Ideas about segmented translations?

I have been thinking more about segmented translations since playing around with Pootle and Virtaal. Using a PO editor can be very helpful and it is neat to see old translation work automatically make itself useful again with the translation memory.

Segmented translations are totally different from the TEI Lite XML files I have been using, though, and also totally different from normal HTML files. Basically, segmentation has to happen, and it has to be retained, along with the parallel source text.

The part that bothers me at this point is the workflow. Segmenting plain Chinese text and converting into PO, then converting PO into plain text and then formatting it into XML is easy enough. The problem is that once they are in XML, there is no simply way to pull them back again without jumping through hoops. Perhaps the problem is that XML and HTML simply are not conducive to translation work like this.

I have seen some example PO files from Bhante Sujato, and these use PO comments to store HTML tags, for easy conversion in and out of PO. I like that approach, but I think the PO format is a bit awkward and antiquated, mostly just something created for software translation teams. Then I read something about JSON being used instead.

I have been playing around with some possible formats, but I wanted to ask what your experience has been with segmented translations, and if you have any advice on the matter?

1 Like

Well in any case, currently I am looking at keeping most translation metadata in a separate file from the actual text contents. For the text segments, I’m looking at a simple format like the following:

                "_id": "T0099.806.1",
                "en_html": "<p>{} ",
                "en_raw": "Thus have I heard.",
		"zh-Hans_html": "<p>{}",
		"zh-Hans_raw": "如是我闻:",
                "zh-Hant_html": "<p>{}",
                "zh-Hant_raw": "如是我聞:"
                "_id": "T0099.806.2",
                "en_html": "{} ",
                "en_raw": "At one time",
		"zh-Hans_html": "{}",
		"zh-Hans_raw": "一时,",
                "zh-Hant_html": "{}",
                "zh-Hant_raw": "一時,"

The data is still fairly flat (rather than nested), and allows any number of target languages and output file formats. For example, formatting directives could be added for Markdown, TeX, etc.
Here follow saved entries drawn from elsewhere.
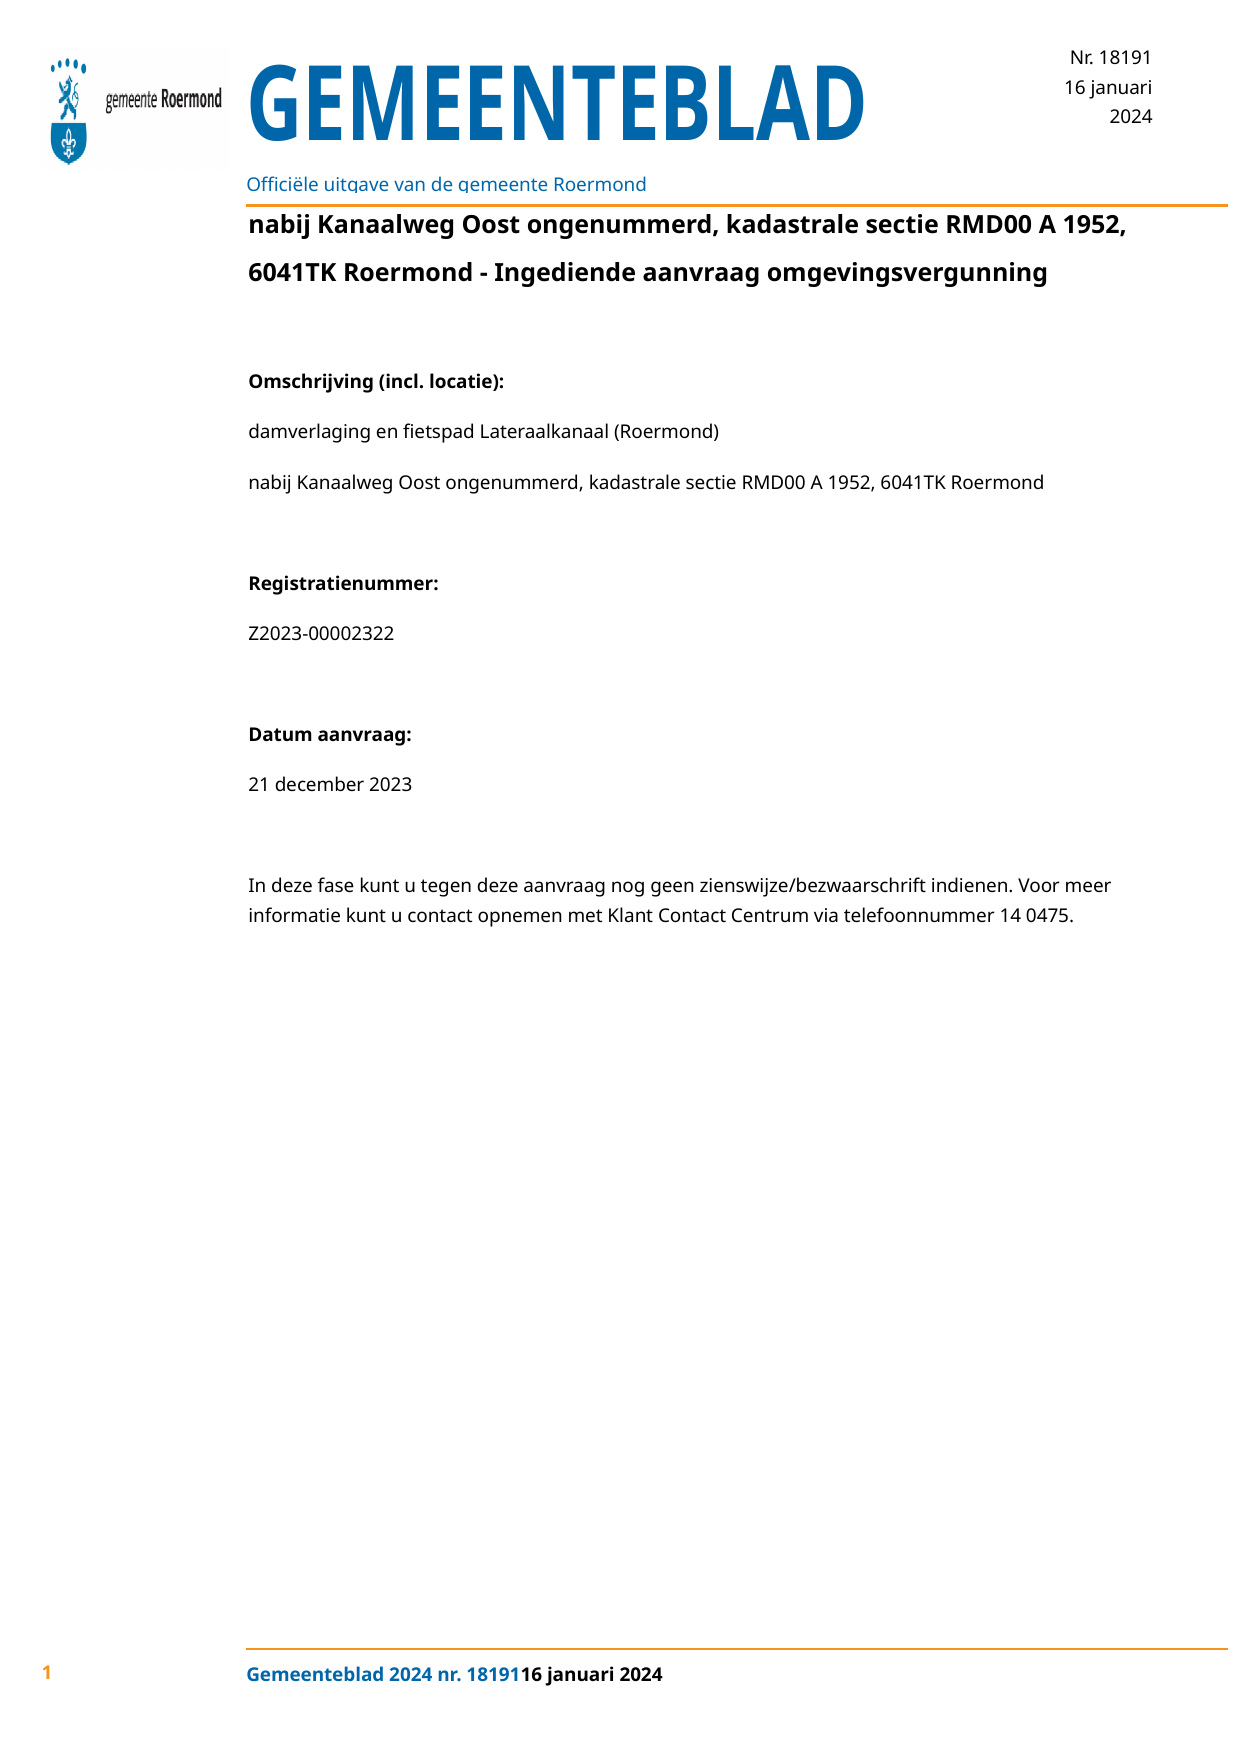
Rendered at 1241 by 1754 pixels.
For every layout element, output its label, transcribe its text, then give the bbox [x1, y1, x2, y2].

text damverlaging en fietspad Lateraalkanaal (Roermond) [248, 419, 1152, 444]
text Registratienummer: [248, 570, 1152, 596]
text Datum aanvraag: [248, 721, 1152, 747]
text nabij Kanaalweg Oost ongenummerd, kadastrale sectie RMD00 A 1952, 6041TK Roermond - Ingediende aanvraag omgevingsvergunning [248, 207, 1152, 288]
picture [41, 47, 231, 172]
text In deze fase kunt u tegen deze aanvraag nog geen zienswijze/bezwaarschrift indienen. Voor meer informatie kunt u contact opnemen met Klant Contact Centrum via telefoonnummer 14 0475. [248, 872, 1152, 928]
text 21 december 2023 [248, 772, 1152, 797]
text Omschrijving (incl. locatie): [248, 368, 1152, 394]
text nabij Kanaalweg Oost ongenummerd, kadastrale sectie RMD00 A 1952, 6041TK Roermond [248, 469, 1152, 495]
text Z2023-00002322 [248, 620, 1152, 646]

Okay, may I ask some questions?

  1. What advantage do you see in this approach rather than using the PO format?
  2. Why is the HTML repeated for each language? Do you anticipate using different markup for different languages?
  3. Given that the quantity of languages may (hopefully!) blossom, won’t this become clumsy? Currently there’s 36 languages on SC. Would it not be better to keep each language in separate files, coordinated via ids?

Oh, good questions.

Mainly robustness and flexibility, but also the representation seems a bit cleaner, and JSON is trivial to read and write. Formatting information can also be encoded by just adding key-value pairs.

Possibly! I’ve gone back and forth on this issue, but I tend to think it may be nice to have that type of flexibility. For example, keeping the source text in the original received formatting, while carefully formatting and organizing the translated text.

For SuttaCentral, stuffing all those translations into one file would definitely be clumsy and messy. But at least for my site, I like the flexibility of being able to store variants in one file (even if I never actually use it). It’s mostly for flexibility. In the example above I used “zh-Hans” and “zh-Hant,” technically the same language, but two different representations.

I didn’t mean to propose that this format is for SC, though. It is something I have been thinking about for my site, and I thought if SC has started going down this route of storing segmented translations, you guys might have some ideas.

I just started with a PO file, and rewrote the contents in JSON, and then took out some of the artificial restrictions, like tying it to two languages, and then added some conventions for storing markup for different formats.

For editing the files, a script could easily extract the relevant language pairs into a temporary PO file, load the file in a PO editor, and then automatically update the language pairs after the editor has closed.

Fair enough. There is certainly a clarity to keeping markup in a separated form. I suspect, though, that you’ll encounter the "overlapping hierarchies’ problem. For example, what to do about inline references? Perhaps your text doesn’t have them, but we have vol/page references at random places in the text. This is the hard problem that standoff properties aim to solve.

Yes, this is something I have thought of too. As I work with the Pali texts, I am aware that often the paragraphing, for example, is not what I’d want to use in an English translation. The most common convention in English is for each speaker in a conversation to start with a new paragraph. Should I edit the Pali text to do this? I can, but what if I want to change it later? Or what if we translate into another language that uses a different convention?

If I understand the idea of standoff properties, they rely on a readable plain text document in one file, and a set of properties in another. Using segmented translations, the plain text could simply be one output format. If the standoff properties are used to generate other file formats, then the extra formatting in the JSON file could simply be removed. For example:

		"_id": "1",
		"en_raw": "Vajracchedikā Prajñāpāramitā",
		"en_txt": "{}\n\n",
		"zh-Hant_raw": "金剛般若波羅蜜經"

Right. Often I just grab a text from CBETA, pipe it through my reformatting program, and then use that directly. I want to format the English translation nicely, but if I apply those same tags to the source text, that would also require changing the source text (punctuation, etc.).